ML Defender (aRGus NDR): An Open-Source Embedded ML NIDS for Botnet and Anomalous Traffic Detection in Resource-Constrained Organizations
ML Defender (aRGus NDR) is an open-source, embedded Machine Learning Network Intrusion Detection System (NIDS) that achieves superior detection rates for botnet and anomalous traffic on resource-constrained hardware compared to traditional signature-based or behavioral tools.
Abstract
More Like ThisRansomware and DDoS attacks disproportionately impact hospitals, schools, and small organizations that cannot afford enterprise security. We present ML Defender (aRGus NDR), an open-source C++20 NIDS with embedded ML inference, deployable on commodity hardware at 150-200 USD. The system implements a six-component pipeline over eBPF/XDP, ZeroMQ, and Protocol Buffers, with a dual-score Fast Detector + Random Forest architecture. Evaluated on CTU-13 Neris: F1=0.9985, Precision=0.9969, Recall=1.0000 (2 FP in 12,075 benign flows, both VirtualBox artifacts).

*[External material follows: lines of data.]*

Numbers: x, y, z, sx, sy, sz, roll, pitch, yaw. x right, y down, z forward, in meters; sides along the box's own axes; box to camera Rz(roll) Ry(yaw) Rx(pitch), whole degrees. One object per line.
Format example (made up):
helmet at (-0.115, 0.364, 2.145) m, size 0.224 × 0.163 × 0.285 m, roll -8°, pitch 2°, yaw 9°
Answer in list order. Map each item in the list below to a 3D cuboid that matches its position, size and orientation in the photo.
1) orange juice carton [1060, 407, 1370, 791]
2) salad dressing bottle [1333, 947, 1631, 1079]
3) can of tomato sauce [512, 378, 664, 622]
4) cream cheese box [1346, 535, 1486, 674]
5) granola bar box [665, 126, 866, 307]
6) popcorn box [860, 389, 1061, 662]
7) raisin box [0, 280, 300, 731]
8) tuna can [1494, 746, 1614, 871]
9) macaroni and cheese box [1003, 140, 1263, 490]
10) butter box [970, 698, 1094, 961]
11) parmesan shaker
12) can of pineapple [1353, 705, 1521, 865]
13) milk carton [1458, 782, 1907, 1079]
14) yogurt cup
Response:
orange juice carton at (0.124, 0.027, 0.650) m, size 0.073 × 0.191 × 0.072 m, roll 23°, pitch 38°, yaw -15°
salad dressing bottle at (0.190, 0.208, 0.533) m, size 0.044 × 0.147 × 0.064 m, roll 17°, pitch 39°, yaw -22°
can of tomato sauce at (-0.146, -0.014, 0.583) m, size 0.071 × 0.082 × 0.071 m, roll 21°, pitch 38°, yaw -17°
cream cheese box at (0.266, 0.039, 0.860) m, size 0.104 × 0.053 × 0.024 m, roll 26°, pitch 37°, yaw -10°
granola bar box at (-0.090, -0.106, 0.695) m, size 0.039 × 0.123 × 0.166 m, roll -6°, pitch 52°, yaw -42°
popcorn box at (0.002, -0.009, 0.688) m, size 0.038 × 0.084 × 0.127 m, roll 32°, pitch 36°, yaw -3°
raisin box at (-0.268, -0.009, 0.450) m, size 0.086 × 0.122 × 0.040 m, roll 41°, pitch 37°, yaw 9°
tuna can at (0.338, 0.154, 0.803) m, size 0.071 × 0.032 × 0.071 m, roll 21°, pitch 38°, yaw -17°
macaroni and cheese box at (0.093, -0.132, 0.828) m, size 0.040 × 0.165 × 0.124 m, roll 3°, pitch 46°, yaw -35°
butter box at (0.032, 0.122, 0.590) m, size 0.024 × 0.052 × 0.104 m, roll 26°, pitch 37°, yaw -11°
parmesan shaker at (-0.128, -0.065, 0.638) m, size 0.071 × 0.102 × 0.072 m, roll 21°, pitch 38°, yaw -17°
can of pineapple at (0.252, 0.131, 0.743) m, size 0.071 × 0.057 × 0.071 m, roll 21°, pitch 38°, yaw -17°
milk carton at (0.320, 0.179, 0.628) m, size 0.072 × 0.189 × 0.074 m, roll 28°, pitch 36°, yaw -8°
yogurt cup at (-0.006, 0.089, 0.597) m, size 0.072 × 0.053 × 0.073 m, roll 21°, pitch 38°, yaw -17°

We report the first three-paradigm experimental comparison on CTU-13 Neris under identical conditions: (1) Suricata 6.0.10 with 50,010 ET Open rules generates zero alerts -- confirmed by offline experiment (DAY 148) on 323,154 packets with 251 IRC, 475 botnet/C2, and 853 trojan signatures active, eliminating replay artifacts as explanation; (2) Zeek 8.1.2 generates 14 correct detections (Precision=1.000, F1=0.042) while observing the complete botnet profile in structured logs without alerting; (3) aRGus NDR achieves F1=0.9985, Recall=1.000. These results define a taxonomy of decision architectures -- signature, scripted behavioral, ML behavioral -- differing in the layer at which network knowledge is encoded. The three paradigms are complementary: Zeek's telemetry and Suricata's signatures operate naturally alongside an ML behavioral classifier. ML Defender is released under the MIT license.